### To do
Every entry should come back exactly as written, minus the pictures.

### Record extracts
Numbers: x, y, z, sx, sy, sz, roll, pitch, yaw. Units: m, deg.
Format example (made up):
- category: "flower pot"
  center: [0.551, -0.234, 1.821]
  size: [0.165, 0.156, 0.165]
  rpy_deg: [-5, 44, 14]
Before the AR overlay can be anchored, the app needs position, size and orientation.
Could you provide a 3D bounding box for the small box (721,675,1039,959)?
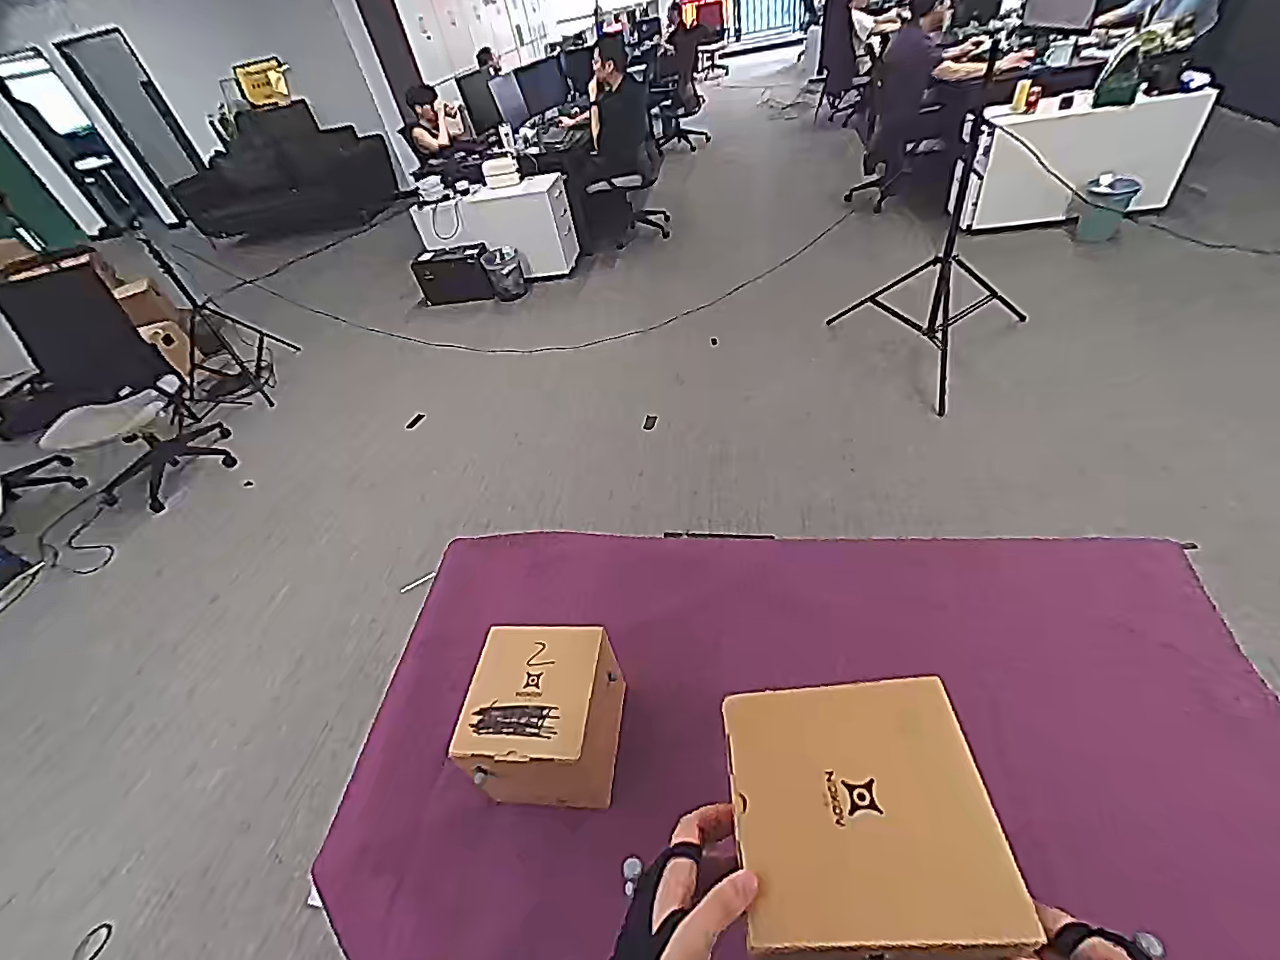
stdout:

### Your solution
Numbers: x, y, z, sx, sy, sz, roll, pitch, yaw. Units: m, deg.
Format example (made up):
- category: "flower pot"
  center: [0.551, -0.234, 1.821]
  size: [0.165, 0.156, 0.165]
  rpy_deg: [-5, 44, 14]
Before the AR overlay can be anchored, the app needs position, size and orientation.
Could you provide a 3D bounding box for the small box (721,675,1039,959)?
stdout:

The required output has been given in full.